DATA FOR THIS EXERCISE:
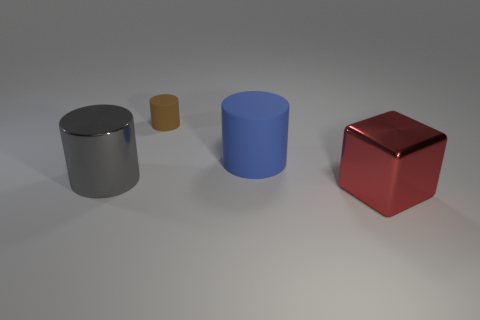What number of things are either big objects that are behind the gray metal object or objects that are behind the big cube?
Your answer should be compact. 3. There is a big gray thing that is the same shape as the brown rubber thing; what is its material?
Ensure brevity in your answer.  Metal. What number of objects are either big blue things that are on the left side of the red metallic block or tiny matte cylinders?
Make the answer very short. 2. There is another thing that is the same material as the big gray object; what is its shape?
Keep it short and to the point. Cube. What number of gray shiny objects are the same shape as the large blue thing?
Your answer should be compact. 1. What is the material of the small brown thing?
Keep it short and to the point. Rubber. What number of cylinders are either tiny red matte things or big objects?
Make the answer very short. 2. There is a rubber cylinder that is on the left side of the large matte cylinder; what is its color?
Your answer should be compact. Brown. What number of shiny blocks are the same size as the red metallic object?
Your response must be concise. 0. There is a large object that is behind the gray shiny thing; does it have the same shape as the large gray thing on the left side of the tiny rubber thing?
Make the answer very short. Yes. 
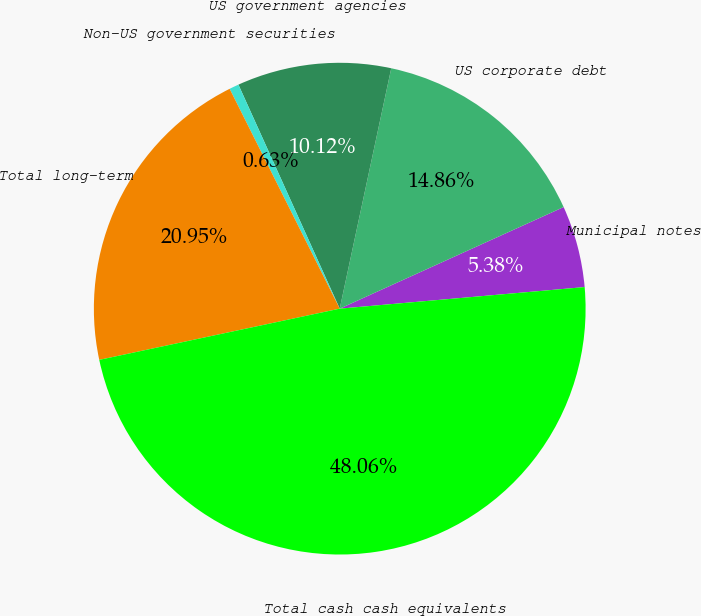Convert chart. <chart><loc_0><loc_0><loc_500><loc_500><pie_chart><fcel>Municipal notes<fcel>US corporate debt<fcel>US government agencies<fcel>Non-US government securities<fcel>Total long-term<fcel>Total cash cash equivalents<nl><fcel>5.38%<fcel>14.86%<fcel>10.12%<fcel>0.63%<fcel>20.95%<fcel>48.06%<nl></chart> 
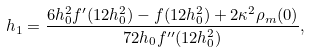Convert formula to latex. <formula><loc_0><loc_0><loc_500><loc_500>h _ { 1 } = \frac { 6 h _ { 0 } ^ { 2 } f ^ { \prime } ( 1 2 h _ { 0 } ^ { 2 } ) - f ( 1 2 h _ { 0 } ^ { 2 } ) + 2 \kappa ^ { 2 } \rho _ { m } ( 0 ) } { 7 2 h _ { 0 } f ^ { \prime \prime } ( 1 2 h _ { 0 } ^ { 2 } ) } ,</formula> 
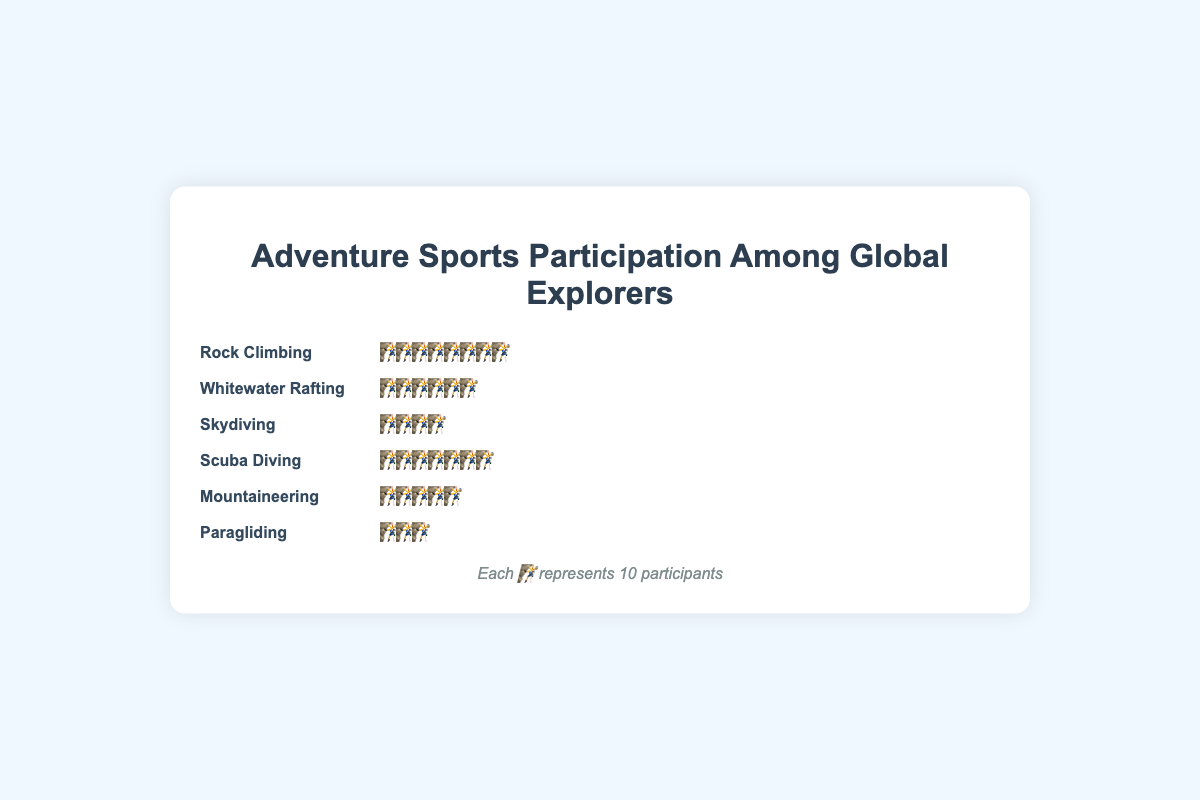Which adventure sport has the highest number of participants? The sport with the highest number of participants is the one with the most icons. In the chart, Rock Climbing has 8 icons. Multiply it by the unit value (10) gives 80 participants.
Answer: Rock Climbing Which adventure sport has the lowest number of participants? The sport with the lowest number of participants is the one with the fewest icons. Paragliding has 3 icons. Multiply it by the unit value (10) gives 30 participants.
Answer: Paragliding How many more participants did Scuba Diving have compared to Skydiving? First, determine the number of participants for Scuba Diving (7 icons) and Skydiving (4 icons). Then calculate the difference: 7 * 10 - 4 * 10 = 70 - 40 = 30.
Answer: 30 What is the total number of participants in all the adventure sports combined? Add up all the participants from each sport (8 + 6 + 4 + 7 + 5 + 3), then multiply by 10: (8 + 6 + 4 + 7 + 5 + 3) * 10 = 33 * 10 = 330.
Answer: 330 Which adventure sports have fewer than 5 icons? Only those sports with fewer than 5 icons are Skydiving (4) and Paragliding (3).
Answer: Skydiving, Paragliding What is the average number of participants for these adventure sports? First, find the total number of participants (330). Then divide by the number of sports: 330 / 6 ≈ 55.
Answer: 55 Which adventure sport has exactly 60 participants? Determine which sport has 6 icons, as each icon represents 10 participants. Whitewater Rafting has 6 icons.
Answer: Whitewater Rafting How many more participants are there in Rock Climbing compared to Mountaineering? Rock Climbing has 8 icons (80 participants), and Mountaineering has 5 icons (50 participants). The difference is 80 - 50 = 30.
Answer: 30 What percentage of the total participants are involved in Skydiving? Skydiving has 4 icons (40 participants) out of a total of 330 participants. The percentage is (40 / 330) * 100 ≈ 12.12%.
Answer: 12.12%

PROBLEM STATEMENT:
Only the lines from the beginning of the listing through the line with "Your answer should be compact. Brown.", both ends included, are to be repeated exactly; pictures stay out.

RESPONSE TO THE EXERCISE:
What number of things are either big objects that are behind the gray metal object or objects that are behind the big cube?
Your answer should be compact. 3. There is a big gray thing that is the same shape as the brown rubber thing; what is its material?
Ensure brevity in your answer.  Metal. What number of objects are either big blue things that are on the left side of the red metallic block or tiny matte cylinders?
Make the answer very short. 2. There is another thing that is the same material as the big gray object; what is its shape?
Keep it short and to the point. Cube. What number of gray shiny objects are the same shape as the large blue thing?
Your answer should be compact. 1. What is the material of the small brown thing?
Keep it short and to the point. Rubber. What number of cylinders are either tiny red matte things or big objects?
Make the answer very short. 2. There is a rubber cylinder that is on the left side of the large matte cylinder; what is its color?
Your answer should be compact. Brown. What number of shiny blocks are the same size as the red metallic object?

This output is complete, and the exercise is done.